Prepare to Teach

Leviticus 23:15-22

God’s provision is to be celebrated in worship and shared in mercy.

Scripture Text

23:15 “ ‘You shall count from the next day after the Sabbath, from the day that You brought the sheaf of the wave offering: seven Sabbaths shall be completed.

23:16 The next day after the seventh Sabbath You shall count fifty days; and You shall offer a new meal offering to Yahweh.

23:17 You shall bring out of Your habitations two loaves of bread for a wave offering made of two tenths of an ephah of fine flour. They shall be baked with yeast, for first fruits to Yahweh.

23:18 You shall present with the bread seven lambs without defect a year old, one young bull, and two rams. They shall be a burnt offering to Yahweh, with their meal offering and their drink offerings, even an offering made by fire, of a sweet aroma to Yahweh.

23:19 You shall offer one male goat for a sin offering, and two male lambs a year old for a sacrifice of peace offerings.

23:20 The priest shall wave them with the bread of the first fruits for a wave offering before Yahweh, with the two lambs. They shall be holy to Yahweh for the priest.

23:21 You shall make proclamation on the same day that there shall be a holy convocation to You. You shall do no regular work. This is a statute forever in all Your dwellings throughout Your generations.
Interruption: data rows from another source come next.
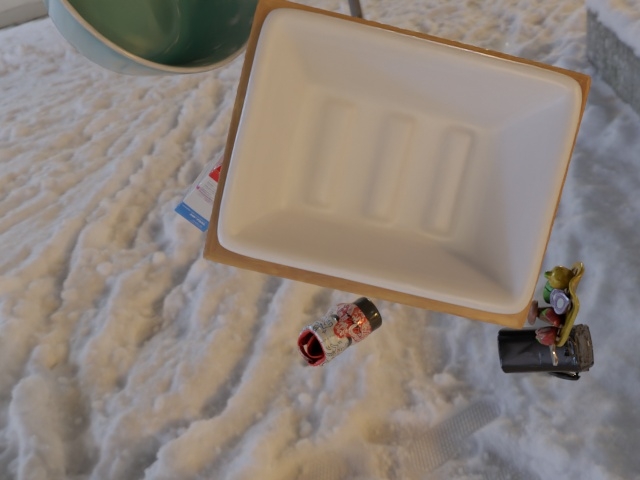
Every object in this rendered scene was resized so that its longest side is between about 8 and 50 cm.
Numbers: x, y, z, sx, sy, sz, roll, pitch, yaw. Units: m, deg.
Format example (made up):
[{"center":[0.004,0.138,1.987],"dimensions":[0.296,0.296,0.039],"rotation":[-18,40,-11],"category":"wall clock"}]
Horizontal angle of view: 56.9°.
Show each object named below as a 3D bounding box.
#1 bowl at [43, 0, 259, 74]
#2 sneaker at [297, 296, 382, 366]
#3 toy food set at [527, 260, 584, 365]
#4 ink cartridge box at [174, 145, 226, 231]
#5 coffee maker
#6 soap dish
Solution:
[{"center":[-0.249,-0.351,0.807],"dimensions":[0.163,0.311,0.311],"rotation":[-14,25,52],"category":"bowl"},{"center":[0.012,0.191,1.183],"dimensions":[0.145,0.090,0.270],"rotation":[-27,-7,-21],"category":"sneaker"},{"center":[0.448,0.134,1.155],"dimensions":[0.071,0.217,0.128],"rotation":[12,33,10],"category":"toy food set"},{"center":[-0.172,-0.123,1.120],"dimensions":[0.231,0.078,0.134],"rotation":[-31,26,48],"category":"ink cartridge box"},{"center":[0.487,0.234,1.305],"dimensions":[0.178,0.171,0.120],"rotation":[-12,57,38],"category":"coffee maker"},{"center":[0.064,-0.064,0.530],"dimensions":[0.291,0.228,0.118],"rotation":[13,4,-2],"category":"soap dish"}]
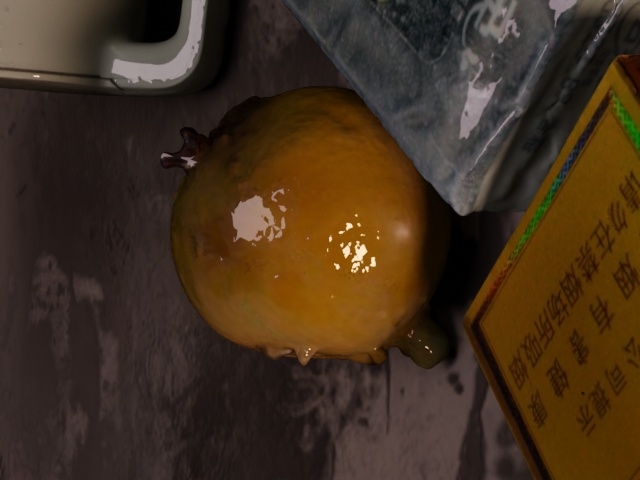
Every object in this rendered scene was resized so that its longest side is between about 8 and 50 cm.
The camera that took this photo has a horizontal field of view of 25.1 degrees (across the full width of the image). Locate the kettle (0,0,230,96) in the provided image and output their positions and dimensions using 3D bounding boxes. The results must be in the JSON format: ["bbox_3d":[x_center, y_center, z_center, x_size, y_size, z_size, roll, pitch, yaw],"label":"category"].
[{"bbox_3d":[-0.195,-0.274,1.124,0.205,0.265,0.318,-141,56,-84],"label":"kettle"}]

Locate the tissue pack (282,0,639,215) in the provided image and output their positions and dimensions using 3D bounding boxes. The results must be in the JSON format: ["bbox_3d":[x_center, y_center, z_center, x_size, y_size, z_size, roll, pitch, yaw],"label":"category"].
[{"bbox_3d":[0.078,-0.192,0.798,0.316,0.103,0.228,54,130,41],"label":"tissue pack"}]

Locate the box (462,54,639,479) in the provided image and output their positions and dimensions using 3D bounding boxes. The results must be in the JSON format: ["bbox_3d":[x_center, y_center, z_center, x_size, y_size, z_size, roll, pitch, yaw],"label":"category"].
[{"bbox_3d":[0.181,0.092,0.615,0.193,0.084,0.301,113,145,-45],"label":"box"}]

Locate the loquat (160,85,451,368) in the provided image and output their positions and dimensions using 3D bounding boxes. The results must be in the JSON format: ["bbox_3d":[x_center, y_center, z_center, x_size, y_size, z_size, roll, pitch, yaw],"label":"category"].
[{"bbox_3d":[0.000,0.000,0.860,0.172,0.149,0.204,-42,88,18],"label":"loquat"}]
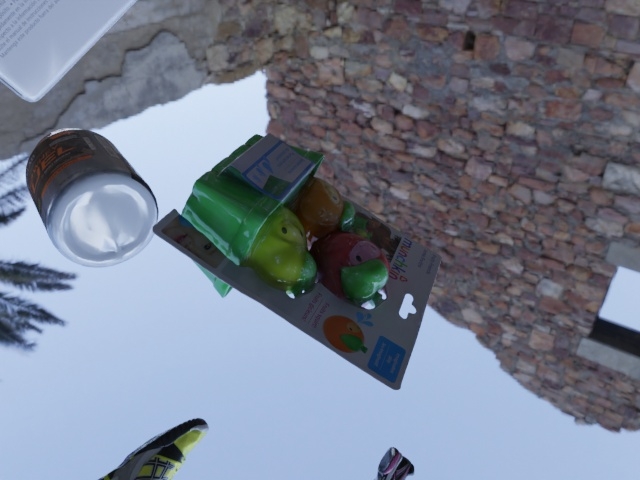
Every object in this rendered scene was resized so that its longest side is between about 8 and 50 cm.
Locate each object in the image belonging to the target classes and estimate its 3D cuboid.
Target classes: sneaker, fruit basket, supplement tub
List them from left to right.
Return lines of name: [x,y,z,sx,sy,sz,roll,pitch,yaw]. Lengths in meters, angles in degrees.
supplement tub: [-0.481,-0.104,1.221,0.207,0.207,0.338,-17,-146,-27]
sneaker: [-0.421,0.582,1.449,0.385,0.145,0.147,-33,-94,-38]
fruit basket: [0.000,0.000,0.822,0.353,0.165,0.327,28,-146,6]
sneaker: [0.145,0.549,1.293,0.077,0.178,0.072,34,179,-6]

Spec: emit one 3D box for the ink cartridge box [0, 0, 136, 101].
ink cartridge box: [-0.219,-0.298,0.433,0.296,0.261,0.066,-46,-137,-2]

23:22 “ ‘When You reap the harvest of Your land, You must not wholly reap into the corners of Your field, and You must not gather the gleanings of Your harvest. You must leave them for the poor, and for the foreigner. I am Yahweh Your God.’ ”

Anchor

God’s provision is to be celebrated in worship and shared in mercy.
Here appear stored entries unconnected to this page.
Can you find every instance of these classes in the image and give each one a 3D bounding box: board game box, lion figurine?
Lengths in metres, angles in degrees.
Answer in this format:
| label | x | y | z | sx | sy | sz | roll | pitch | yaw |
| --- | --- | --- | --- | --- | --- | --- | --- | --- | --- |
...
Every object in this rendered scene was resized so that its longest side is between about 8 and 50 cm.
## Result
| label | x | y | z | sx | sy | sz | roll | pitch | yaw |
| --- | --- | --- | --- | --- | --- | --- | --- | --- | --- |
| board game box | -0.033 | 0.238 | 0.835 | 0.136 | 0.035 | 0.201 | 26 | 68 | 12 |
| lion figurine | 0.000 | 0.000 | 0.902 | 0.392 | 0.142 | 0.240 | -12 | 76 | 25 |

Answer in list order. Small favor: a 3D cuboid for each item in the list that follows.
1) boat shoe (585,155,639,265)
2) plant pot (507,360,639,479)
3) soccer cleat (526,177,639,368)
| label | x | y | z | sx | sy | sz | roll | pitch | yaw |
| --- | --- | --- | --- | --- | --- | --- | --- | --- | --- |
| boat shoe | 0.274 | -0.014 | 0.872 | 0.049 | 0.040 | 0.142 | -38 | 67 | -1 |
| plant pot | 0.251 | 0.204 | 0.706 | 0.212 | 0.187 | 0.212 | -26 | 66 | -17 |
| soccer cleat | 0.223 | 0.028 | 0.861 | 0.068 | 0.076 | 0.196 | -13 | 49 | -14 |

Leviticus 23:15-22 teaches that Israel must mark God’s provision with structured worship through the Feast of Weeks while embodying covenant generosity by leaving portions of the harvest for the poor and the sojourner.

Point of Contact

God's people must let their rhythms, gatherings, meals, rest, giving, and remembrance be shaped by redemption rather than productivity, consumption, forgetfulness, or cultural drift.

Rhythm
  1. Heading: appointed times and sacred assemblies The chapter introduces the Lord's calendar as His appointed festivals.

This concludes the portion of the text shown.